A collection of probabilistic set membership filters with a simple interface. These filters can claim that a given entry is
- definitely not represented in a set of entries, or
- might be represented in the set.
This crate is a work in progress and currently only implements Bloom filters.
If needed, the extension trait DynFilter
enables object-safe,
dynamically dispatched variants of insert
and contains
.
A simple Bloom filter implementation looks like this:
use gauze::{BloomFilter, Filter};
fn main() {
// The number of items we want the `BloomFilter` to store
// while not returning too many false positives
let capacity = 100_000;
// The rate of false positives the `BloomFilter` is allowed
// to return if it stores no more than `capacity` items
let target_err_rate = 0.001;
// These parameters allow us to construct a `BloomFilter` with
// *approximately* optimal properties
let mut bloom =
BloomFilter::new(capacity, target_err_rate)
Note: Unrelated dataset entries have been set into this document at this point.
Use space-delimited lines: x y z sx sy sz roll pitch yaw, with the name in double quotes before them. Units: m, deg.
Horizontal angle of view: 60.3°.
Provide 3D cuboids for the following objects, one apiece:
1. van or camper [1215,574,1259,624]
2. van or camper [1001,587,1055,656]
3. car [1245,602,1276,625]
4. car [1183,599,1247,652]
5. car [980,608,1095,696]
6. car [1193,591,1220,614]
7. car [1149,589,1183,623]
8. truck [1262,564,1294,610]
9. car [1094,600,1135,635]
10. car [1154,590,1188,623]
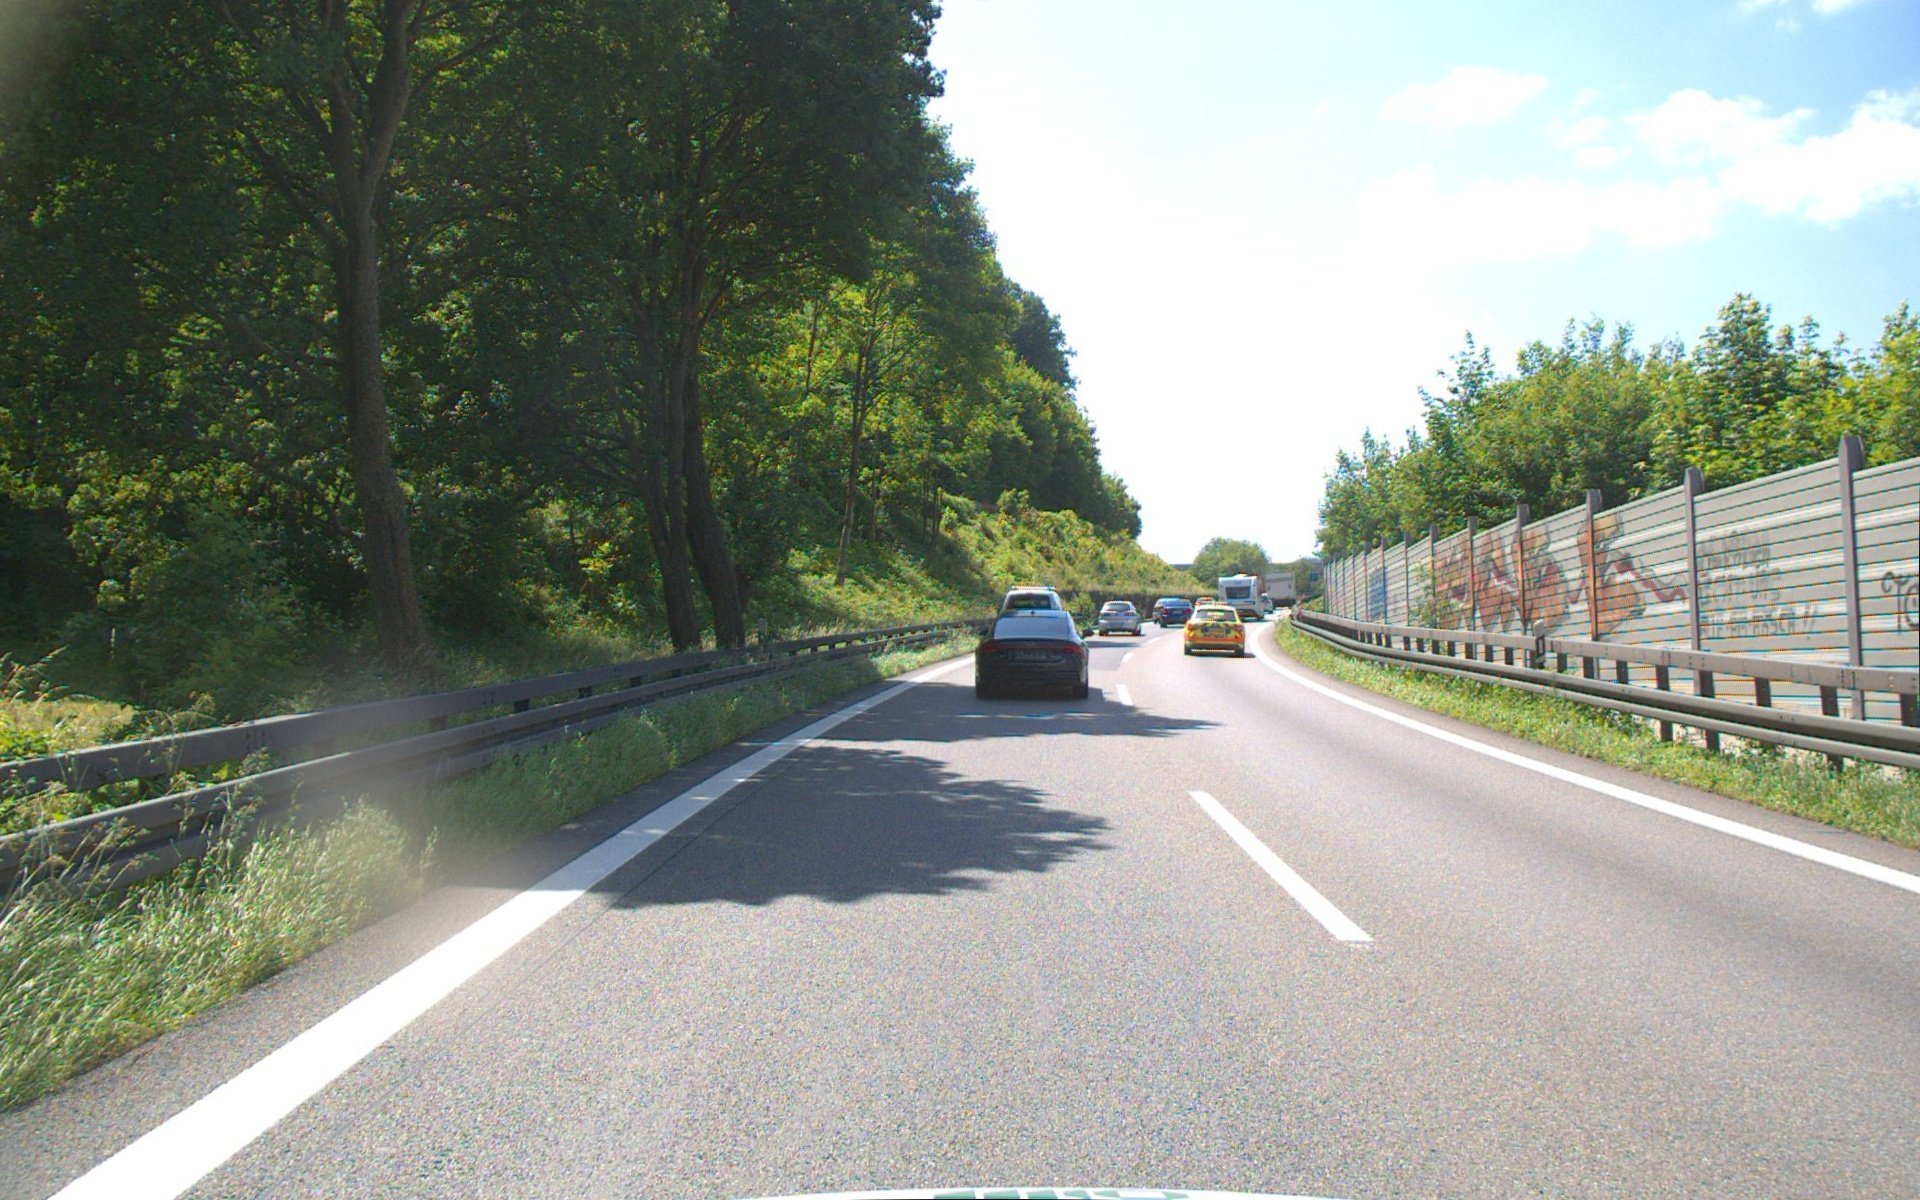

.expect("couldn't construct Bloom filter.");
// `BloomFilter`s can add any type that is `impl Hash`
bloom.insert(1);
bloom.insert("a");
bloom.insert(Vec::<bool>::new());
bloom.insert([0; 2]);
// Querying whether a `BloomFilter` contains an element
// never yields a false negative
let inserts = capacity - 4;
for i in 0..inserts {
bloom.insert(i);
}
let mut false_negatives = 0;
for i in 0..inserts{
if !bloom.contains(i) {
false_negatives += 1;
}
}
println!("False negatives: {false_negatives}");
// But it can yield some false positives
let mut false_positives = 0;
for i in 0..inserts{
if bloom.contains(inserts + i) {
false_positives += 1;
}
}
println!("False positives: {false_positives}");
// It is possible to get an *approximation* of the number of
// `item`s stored in the `BloomFilter`
let stored_items_approx = bloom.count_approx();
println!("Approximately count of items stored: {stored_items_approx}");
// Items can't be removed. But the `BloomFilter` can be reset.
bloom.reset();
// We can also get some properties of the `BloomFilter` itself
println!("Number of bits for the actual filter: {}", bloom.bit_count());
println!("Number of hash functions used: {}", bloom.hash_fn_count());
println!("The filter's actual error rate: {}", bloom.error_rate());
}
This project is licenced under MIT.